In the Margins

Similarity Query

Similarity Query as implemented here is a good first test to rank the "closeness" between a single document and all other documents in your active set. We often apply it early in exploratory analyses problems in new domains and/or languages. Note: It is easy to use and easy to over-interpret the results.

In Similarity Query, Lexos supports the comparison of one file to all other files, the user selecting the target file name and tokenize options. More specificaly, Lexos calls sklearn.metrics.pairwise.cosine_similarity to compute similarity as the normalized dot product of two vectors of counts from the Document Term Matrix (DTM), for example between documents X and Y:

>    CosineSimilarity = (X, Y) = <X, Y> / (||X||*||Y||)

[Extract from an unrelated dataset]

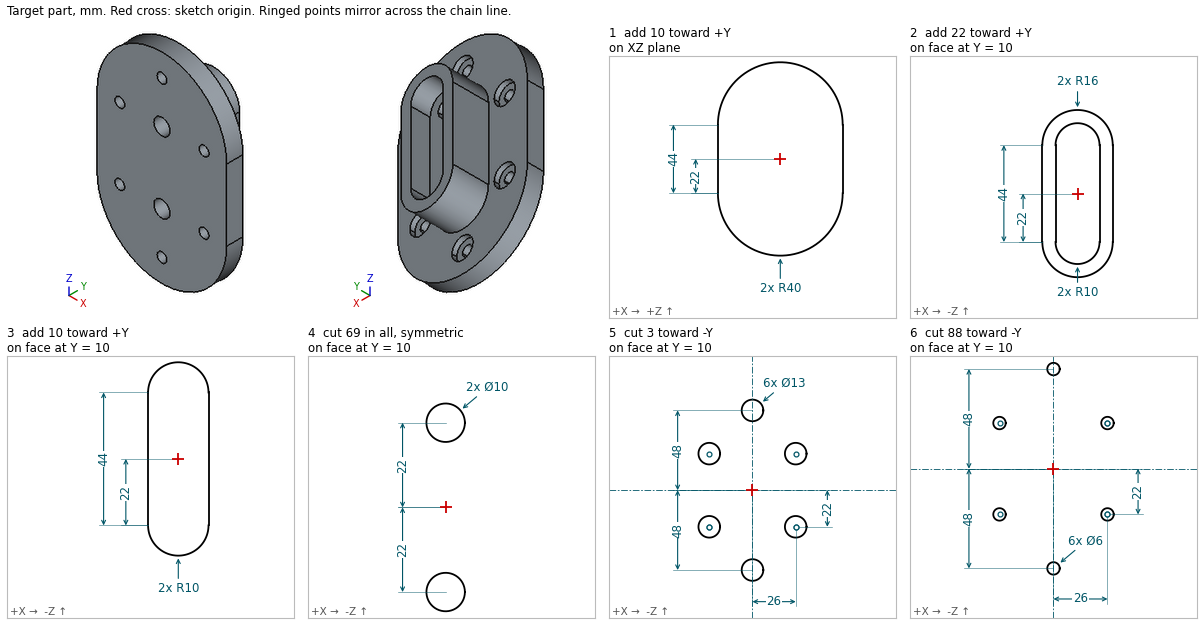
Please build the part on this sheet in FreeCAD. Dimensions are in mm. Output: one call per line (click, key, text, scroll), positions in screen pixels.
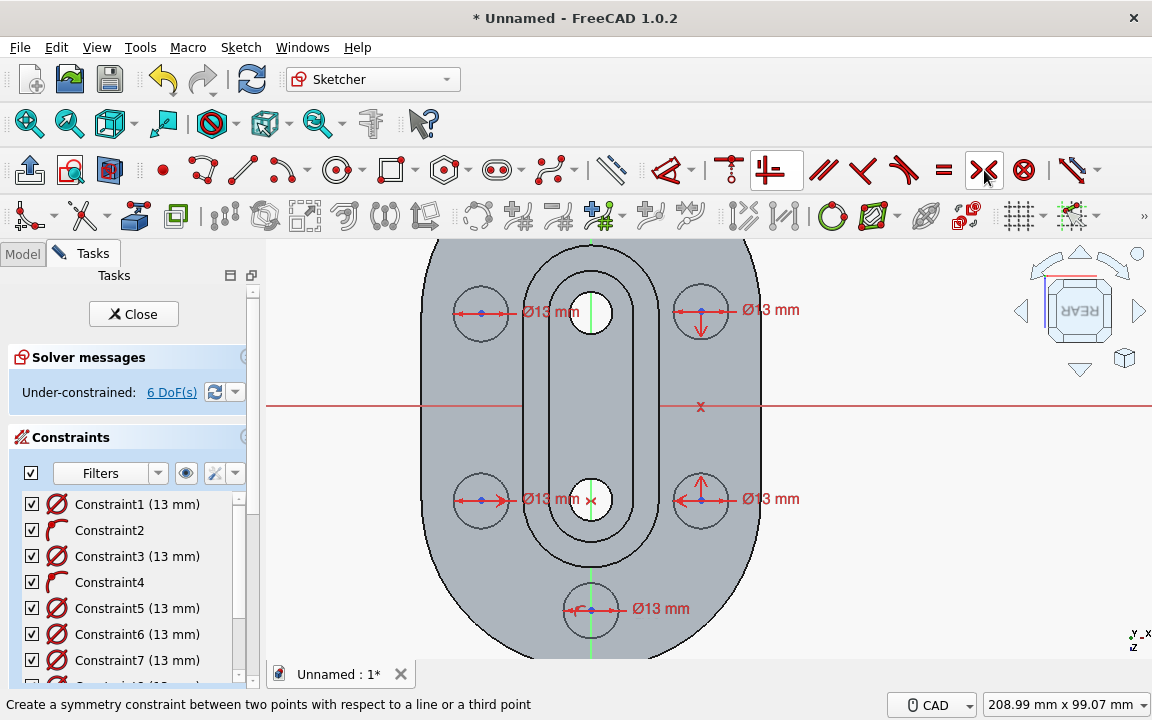
click(481, 501)

with the distance between documents being defined as:

    distance = 1 - CosineSimilarity

Given Lexos' use of counts for vectors of token counts ("counts" defined by the method of tokenization and normalization), all vectors are positive (in the first quadrant) and thus the angle between any vectors is [0,pi/2]. Said differently, the value for Cosine Similarity will always be in the range of (0,1), where a higher value indicates that the two document vectors are closer to each other; values approaching zero indicate that the two vectors are further apart when comparing them.

Tutorial:
 
After using the tools to scrub and cut files, the users can then use similarity to compare files. 
 
1. First, select one file that you want to use to compare with all the others. Lexos will automatically select the first file in the list.